**Your instructions**
Which lines run from the one with "Formatted like this" through the end of the data? Retype them exactly, without pictures.

**Data records**
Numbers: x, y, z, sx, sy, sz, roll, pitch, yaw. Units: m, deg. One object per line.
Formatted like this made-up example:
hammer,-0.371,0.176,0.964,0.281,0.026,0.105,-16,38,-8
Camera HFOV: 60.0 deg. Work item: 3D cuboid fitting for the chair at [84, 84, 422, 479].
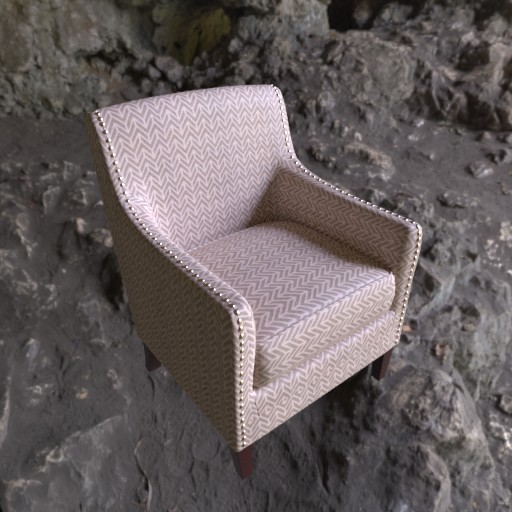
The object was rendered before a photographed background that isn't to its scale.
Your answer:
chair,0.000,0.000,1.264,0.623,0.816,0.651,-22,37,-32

**Written response**
Formatted like this made-up example:
hammer,-0.371,0.176,0.964,0.281,0.026,0.105,-16,38,-8
Camera HFOV: 60.0 deg. Work item: 3D cuboid fitting for the chair at [84, 84, 422, 479].
The object was rendered before a photographed background that isn't to its scale.
Your answer:
chair,0.000,0.000,1.264,0.623,0.816,0.651,-22,37,-32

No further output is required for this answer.